Write out, exactly and only, the lines that run from the top of the records to the line with "#9 toy motorcycle <box>363,132,411,221</box>". Include both ends; exclude pictures.

*** Block opens ***

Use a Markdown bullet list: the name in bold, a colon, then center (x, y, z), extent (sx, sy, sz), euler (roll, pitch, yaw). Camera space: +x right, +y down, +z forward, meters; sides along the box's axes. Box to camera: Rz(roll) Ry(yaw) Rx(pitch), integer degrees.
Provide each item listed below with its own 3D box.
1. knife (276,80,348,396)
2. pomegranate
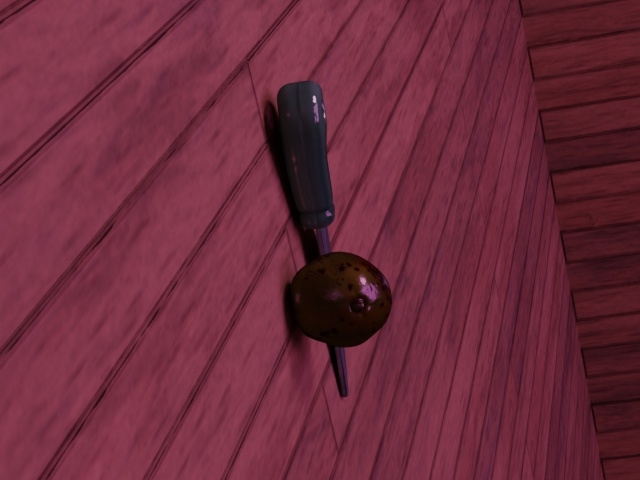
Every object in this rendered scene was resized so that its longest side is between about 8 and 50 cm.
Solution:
- **knife**: center (0.000, -0.001, 1.272), extent (0.063, 0.035, 0.260), euler (-93, 176, -60)
- **pomegranate**: center (0.017, 0.040, 1.206), extent (0.084, 0.073, 0.073), euler (-49, 129, -72)
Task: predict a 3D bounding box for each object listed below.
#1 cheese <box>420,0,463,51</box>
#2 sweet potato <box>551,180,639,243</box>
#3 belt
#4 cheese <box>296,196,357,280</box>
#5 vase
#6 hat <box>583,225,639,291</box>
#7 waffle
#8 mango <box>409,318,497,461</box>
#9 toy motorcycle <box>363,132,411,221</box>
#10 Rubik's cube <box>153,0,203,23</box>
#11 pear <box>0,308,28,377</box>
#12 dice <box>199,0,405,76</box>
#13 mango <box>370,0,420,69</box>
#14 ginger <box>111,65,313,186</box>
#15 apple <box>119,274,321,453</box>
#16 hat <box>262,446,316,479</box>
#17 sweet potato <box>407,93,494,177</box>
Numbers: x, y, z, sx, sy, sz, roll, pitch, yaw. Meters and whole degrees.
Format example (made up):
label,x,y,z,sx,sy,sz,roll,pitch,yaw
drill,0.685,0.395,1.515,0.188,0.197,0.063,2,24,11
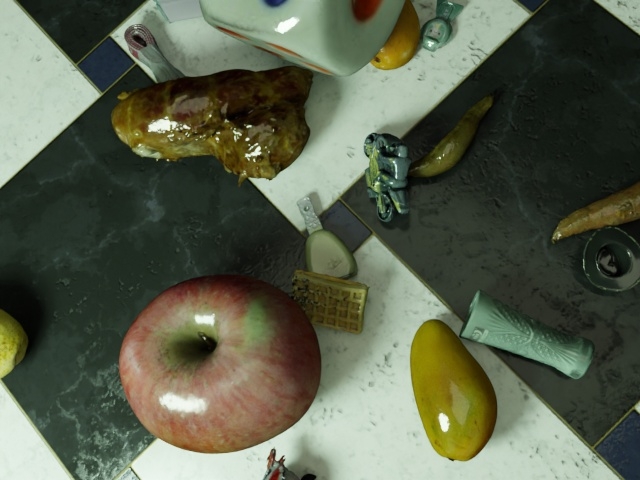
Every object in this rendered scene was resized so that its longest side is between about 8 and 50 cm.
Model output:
label,x,y,z,sx,sy,sz,roll,pitch,yaw
cheese,0.248,-0.446,1.369,0.067,0.026,0.120,24,82,13
sweet potato,0.573,-0.067,1.212,0.315,0.072,0.066,-24,97,1
belt,-0.349,-0.378,1.434,0.071,0.053,0.232,-40,75,-9
cheese,0.000,0.000,1.301,0.097,0.037,0.192,-23,76,2
vase,0.370,0.173,1.180,0.220,0.096,0.096,22,82,10
hat,0.532,0.035,1.204,0.121,0.050,0.121,-1,83,7
waffle,0.014,0.117,1.247,0.148,0.042,0.102,11,112,12
mango,0.234,0.260,1.169,0.139,0.113,0.253,-19,69,18
toy motorcycle,0.133,-0.136,1.273,0.061,0.124,0.193,0,69,-29
Rubik's cube,-0.267,-0.633,1.389,0.222,0.224,0.230,-8,76,7
pear,-0.669,0.203,1.295,0.178,0.178,0.177,-2,77,8
dice,-0.027,-0.494,1.222,0.304,0.277,0.304,27,101,30
mango,0.132,-0.463,1.353,0.141,0.102,0.217,-5,78,3
ginger,-0.213,-0.220,1.314,0.419,0.176,0.254,-5,68,0
apple,-0.168,0.222,1.172,0.345,0.269,0.344,-6,59,10
hat,-0.022,0.490,1.174,0.228,0.129,0.140,30,60,-4
sweet potato,0.268,-0.196,1.293,0.249,0.059,0.069,-46,38,-4
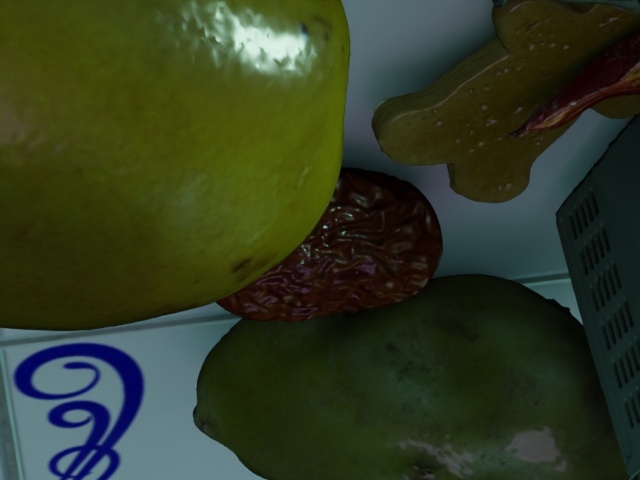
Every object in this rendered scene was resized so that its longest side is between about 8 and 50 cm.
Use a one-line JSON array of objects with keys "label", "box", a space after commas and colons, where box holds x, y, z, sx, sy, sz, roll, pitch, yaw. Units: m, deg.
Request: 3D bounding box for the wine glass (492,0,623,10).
[{"label": "wine glass", "box": [0.184, -0.165, 1.107, 0.155, 0.073, 0.073, 8, 143, -4]}]

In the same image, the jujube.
[{"label": "jujube", "box": [0.000, 0.000, 1.285, 0.176, 0.109, 0.112, -5, -178, -25]}]

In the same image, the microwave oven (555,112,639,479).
[{"label": "microwave oven", "box": [0.380, 0.047, 1.305, 0.355, 0.286, 0.218, 4, 143, -25]}]

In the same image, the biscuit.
[{"label": "biscuit", "box": [0.153, -0.117, 1.212, 0.240, 0.035, 0.158, -38, 139, 21]}]

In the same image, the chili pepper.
[{"label": "chili pepper", "box": [0.200, -0.110, 1.191, 0.178, 0.027, 0.045, -30, 135, 13]}]

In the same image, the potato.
[{"label": "potato", "box": [0.077, 0.128, 1.416, 0.351, 0.203, 0.218, 0, 157, 5]}]

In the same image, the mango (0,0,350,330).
[{"label": "mango", "box": [-0.181, -0.081, 0.967, 0.445, 0.232, 0.300, 4, 148, -36]}]

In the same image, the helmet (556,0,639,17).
[{"label": "helmet", "box": [0.179, -0.223, 0.993, 0.224, 0.130, 0.198, 22, 133, -29]}]

*** Block closes ***

> [The completed task]:
Use a Markdown bullet list: the name in bold, a colon, then center (x, y, z), extent (sx, sy, sz), euler (roll, pitch, yaw). Camera space: +x right, +y down, +z forward, meters; sides along the box's axes. Box to camera: Rz(roll) Ry(yaw) Rx(pitch), integer degrees.
Provide each item listed below with its own 3D box.
1. knife (276,80,348,396)
2. pomegranate
Every object in this rendered scene was resized so that its longest side is between about 8 and 50 cm.
Solution:
- **knife**: center (0.000, -0.001, 1.272), extent (0.063, 0.035, 0.260), euler (-93, 176, -60)
- **pomegranate**: center (0.017, 0.040, 1.206), extent (0.084, 0.073, 0.073), euler (-49, 129, -72)
Task: predict a 3D bounding box for each object listed below.
#1 cheese <box>420,0,463,51</box>
#2 sweet potato <box>551,180,639,243</box>
#3 belt
#4 cheese <box>296,196,357,280</box>
#5 vase
#6 hat <box>583,225,639,291</box>
#7 waffle
#8 mango <box>409,318,497,461</box>
#9 toy motorcycle <box>363,132,411,221</box>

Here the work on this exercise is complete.